11.8.08

Careo

Todos los días, en las mañanas de este edificio, se produce un diálogo contradictorio. Se escuchan voces y quejidos que salen de ventanas diversas, de vidas diferentes. Se oyen parlamentos que hablan, mientras sigo en la cama, de porvenires opuestos.
Los registros varían. Y entre ese coro polifónico, cual acordes acentuados, destacan los sonidos de dos habitantes anónimos.
Uno de ellos entona desde su baño, quizá mientras se afeita, canciones profundas y melodiosas que parecen venir de lejos, de una cueva difícil, de su diafragma entrenado. El hombre es un tenor —la voz elegante, el vibrato vigoroso— que canta himnos a la nostalgia: una suerte de heraldo matutino, un mensajero que trae noticias tristes desde quién sabe dónde.
El otro, también madrugador, parece ser un enfermo terminal, un desahuciado. Regularmente se le escucha toser, vomitar, soltar arcadas y gemidos y carraspeos tortuosos cuando se agacha, estoy seguro, en algún rincón junto al excusado.
A veces imagino que el tenor dedica sus canciones al vecino afligido. Pienso, tal vez con afán reparador, que sus serenatas huérfanas tienen ese destinatario infeliz. O al revés: que la desgracia del paciente inspira el abatimiento de las melodías.
Luego descarto mis conjeturas y admito, resignado, que de estos contrapesos están llenas nuestras horas.

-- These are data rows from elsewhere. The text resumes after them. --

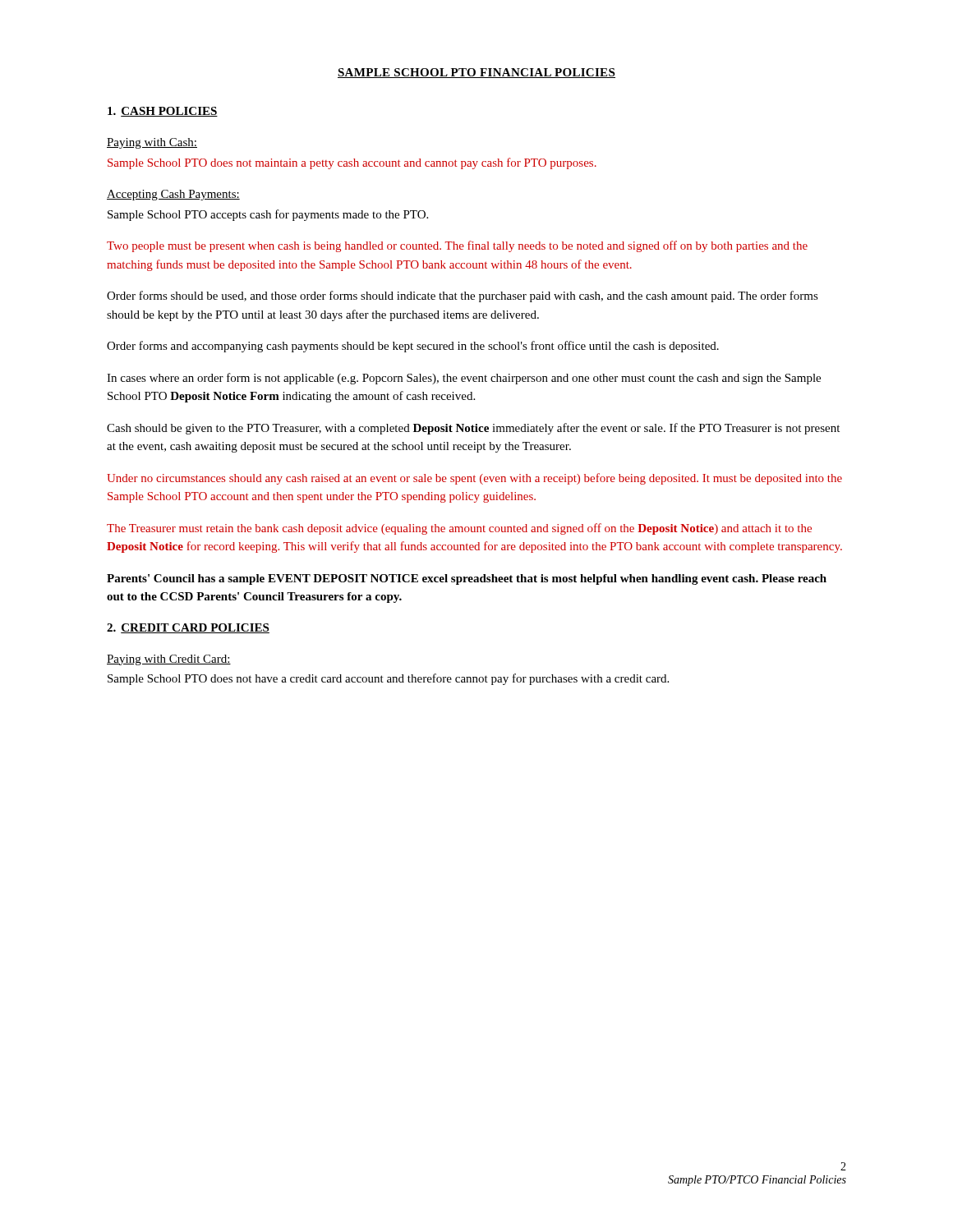Select the passage starting "Accepting Cash Payments:"
Image resolution: width=953 pixels, height=1232 pixels.
point(173,195)
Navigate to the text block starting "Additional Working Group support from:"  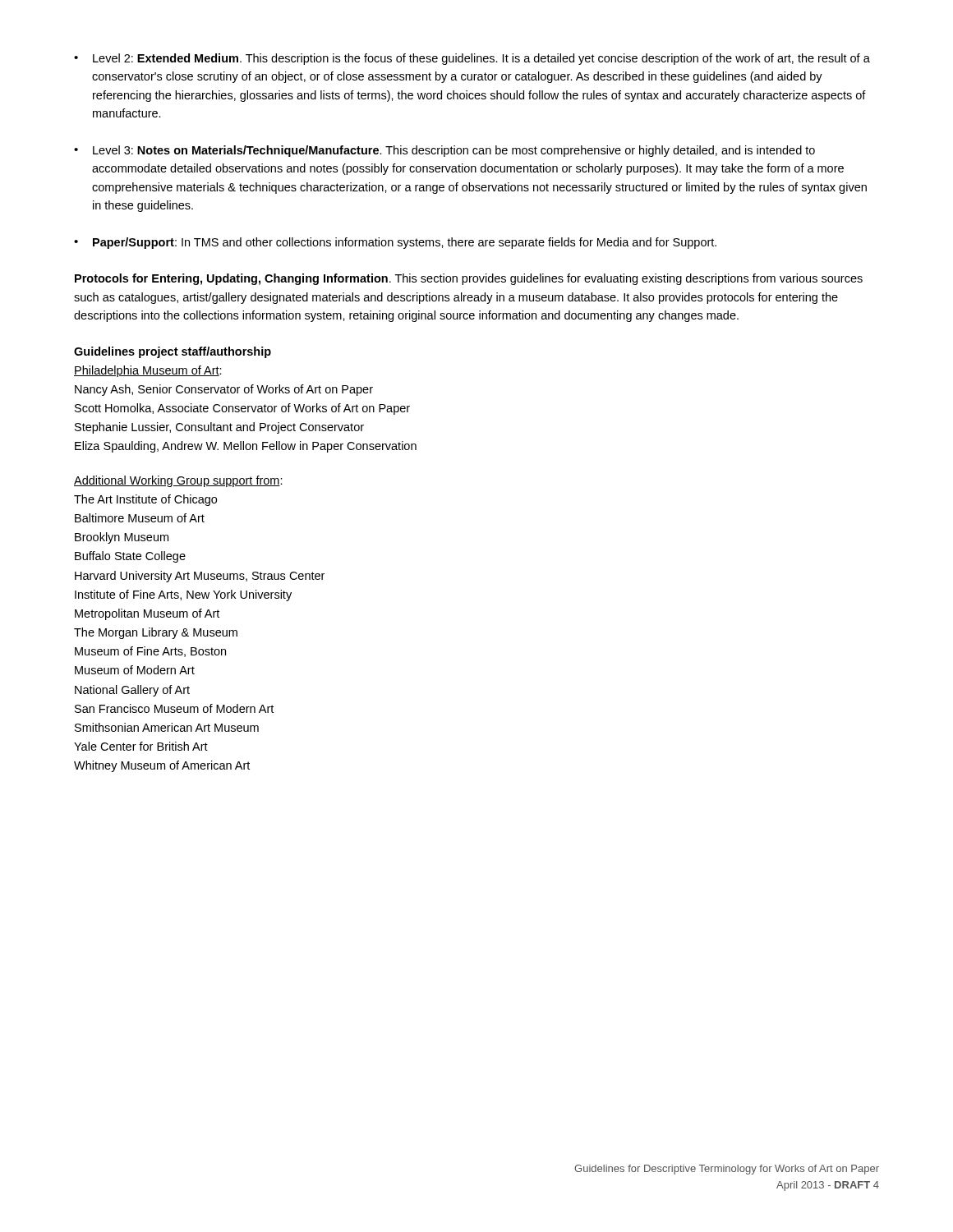click(x=199, y=623)
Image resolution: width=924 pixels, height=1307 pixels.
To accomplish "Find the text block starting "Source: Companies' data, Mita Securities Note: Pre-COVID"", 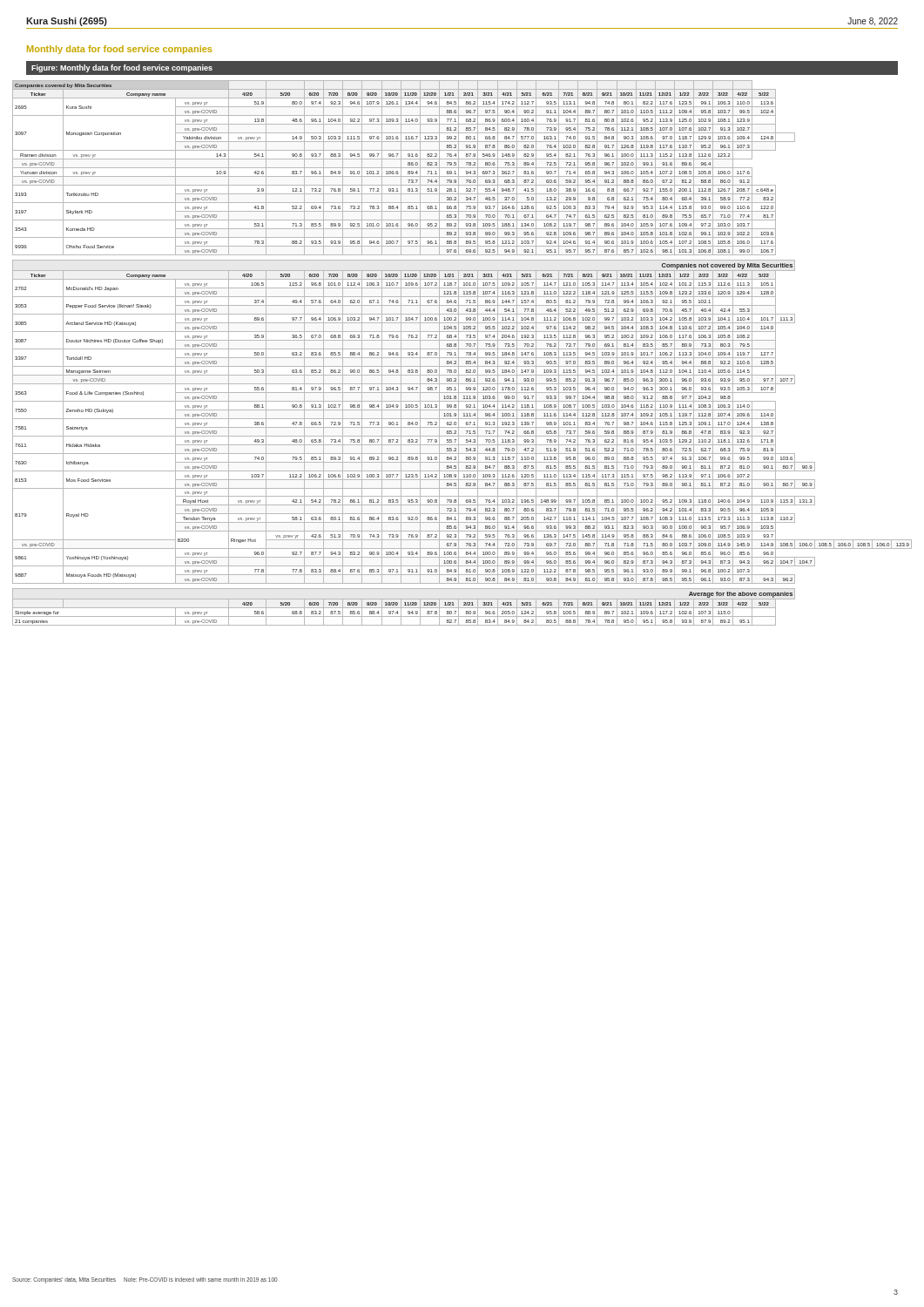I will [145, 1280].

Que así es la cosa. Y me dedico, igual que cada mañana, a escuchar ese careo definitivo, ese pulso que libran con denuedo la belleza y el horror. La vida y la muerte.

9.8.08

Mirón

Allí, en el edificio de enfrente, el tipo en ropa deportiva abre los candados y las puertas del pequeño local. Sigue agachado cuando aparecen, tomadas de la mano, dos chicas —flacas, las nalguitas apretadas, las tetas muy llenas— que corren para escapar de la lluvia. Ambas, siempre juntas, cruzan el breve jardín y entran al edificio.
Durante los diez o doce segundos que dura la escena, el tipo no deja de mirarlas, distraído, interrumpiendo su tarea y sosteniendo el manojo de llaves en la mano caída.
Las chicas desaparecen por un corredor lateral.
Y el sujeto, ese pobre atleta deslumbrado, parece meditar durante un instante, parece decidirse: necesita prolongar el espectáculo. Se levanta. Camina sigiloso, casi en puntillas hasta la esquina de la pared. Allí se inclina, asoma la cabeza con cuidado, se demora estudiando los dos culitos que se alejan.
Y sólo entonces, con una sonrisa y meneando la cabeza, da media vuelta y regresa al local.